Шестого октября молодой матрос Николай Юнг, влезавший на мачту, первым увидал землю.
Медленно надвигалась и росла громада горных вершин, далеко на север и юг уходили берега.
Большинство путешественников решило, что это давно разыскиваемый Южный Материк, условно нанесенный на карты под названием: Terra Australis Incognita[12].
Кук приказал спустить шлюпку и отправился обследовать берег по течению небольшой реки. Появившиеся туземцы, похожие на таитян, сразу выказали враждебность, и хотя, повидимому, и понимали, что говорил Тупиа, но не хотели входить в сношения и угрожали копьями.
Никакие уговоры, никакие знаки миролюбия не помогли. Это продолжалось несколько дней. Туземцы то бросали копья в приближавшихся, то пытались увести шлюпку, за что многие из них поплатились жизнью, и наконец, когда Кук, выведенный из терпения, приказал перехватить плывущих в лодке семерых туземцев, те начали быстро уходить. Для их устрашения Кук приказал открыть огонь поверх их голов! Убегавшие неожиданно остановились и встретили подошедшую к ним шлюпку, где был и сам Кук, таким градом камней, копий и весел, что англичанам пришлось по ним стрелять. Четыре туземца были убиты, три другие пойманы.
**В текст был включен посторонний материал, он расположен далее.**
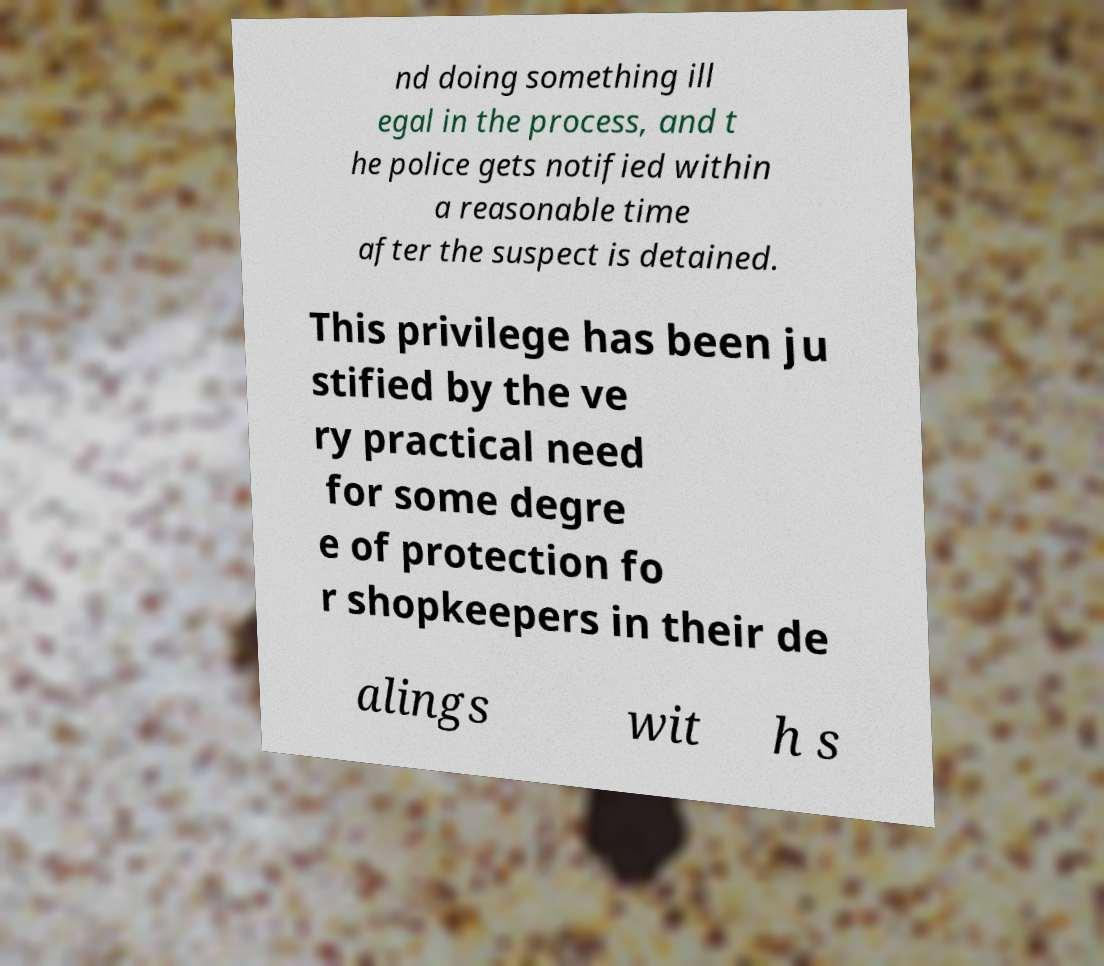For documentation purposes, I need the text within this image transcribed. Could you provide that? nd doing something ill egal in the process, and t he police gets notified within a reasonable time after the suspect is detained. This privilege has been ju stified by the ve ry practical need for some degre e of protection fo r shopkeepers in their de alings wit h s 
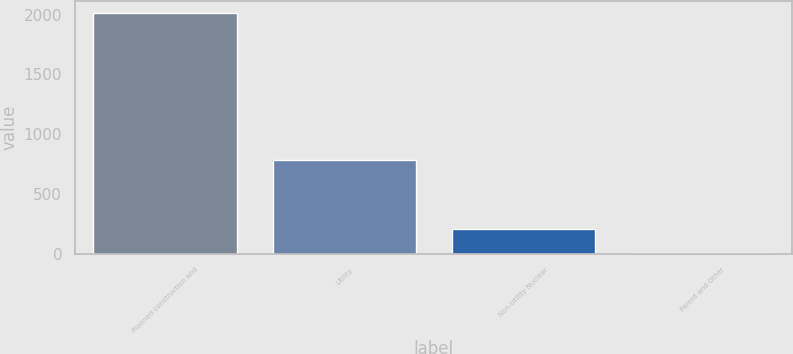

Биограф Кука старается оправдать этот поступок своего знаменитого соотечественника вспыльчивостью капитана и неожиданностью сопротивления туземцев. Хотя тут же приводит выдержку из дневника Кука, не совсем его реабилитирующую:
«Конечно, индейцы не заслуживали смерти за нежелание довериться моим обещаниям и войти в мою шлюпку, даже если бы они не подозревали такой опасности, но моя цель требовала изучения их страны, что я мог совершить двумя способами — силой или завоеванием их благосклонности. Я уже испробовал власть подарков, но напрасно; моим единственным желанием было избегнуть всякой враждебности я привести нескольких индейцев на мою шлюпку, как способ убедить их, что мы не хотим причинить им зла и что мы можем способствовать их счастью. Мои намерения, следовательно, не были преступны. По правде, в этой ссоре, которую я нимало не предвидел, мы могли бы одержать полную победу, не проливая столько крови. Но, однако, при таких обстоятельствах, когда отдан приказ открыть огонь, никто уже не может ни ограничит) опасность, ни предписать ее результатов».
Кук раскаивается в необдуманности своего поступка. Ведь можно было и не отдавать приказа открывать огонь? Пойманные и увезенные на корабль туземцы тоже, как показывают дневники, никому не были нужны, да и место, где произошло столько напрасных драк и убийств, было вскоре оставлено Куком. Филантроп бывал иногда слишком «вспыльчив».
Куку положительно не понравился воинственный нрав островитян, и он решил, не останавливаясь, двигаться на юг и при приближении лодок с вооруженными туземцами приказывать стрелять из пушек, что наводило страх на дикарей.
Шесть месяцев плавания убедили Кука, что эта земля вовсе не разыскиваемый Южный Материк. Наблюдения прохождения планеты Меркурия, записанные Грином 9 ноября, и вычисленные Куком широта и долгота точки наблюдения утвердили это положение. Кроме того, стало ясным, что это та самая земля, которую в 1642 году открыл голландец Авель Тасман, подплывший к ее восточным берегам.
За все время плавания поведение туземцев вызывало целый ряд недоразумений. Офицеры и матросы, раздраженные таким недружелюбным приемом, выходили из повиновения и по-своему расправлялись с ворами и обидчиками. Кук сек и сажал в трюм, но терял самообладание и подчас чувствовал, что поведению экипажа сам давал дурной пример. Стычки с островитянами происходили чуть ли не на каждой остановке, и либеральные намерения Кука каждый раз разбивались об упорство «диких» и чувство мести матросов.
Так по крайней мере он пишет в своем дневнике, перенося всю вину на туземцев или на необузданный нрав матросов. Совершенно ясно, что при наличии на корабле жесточайшей дисциплины и достаточных средств для ее поддержания, поведение матросов вряд ли могло служить причиной возникновения таких стычек. Проговариваясь о своих крутых мерах, Кук спешит успокоить «чувствительных» читателей, убедить их в неизбежности этих мер. Не может он сослаться на секретные инструкции адмиралтейства, предписывавшие беспощадную расправу с «дикими» в случае их сопротивления? Не может он открыто заявить, что его «научное» путешествие рассматривается морским министерством, как разведка военно-морских баз и укрепленных пунктов, как проложение новых путей для военного флота, как начало «мирного» завоевания новых земель во славу британского капитала?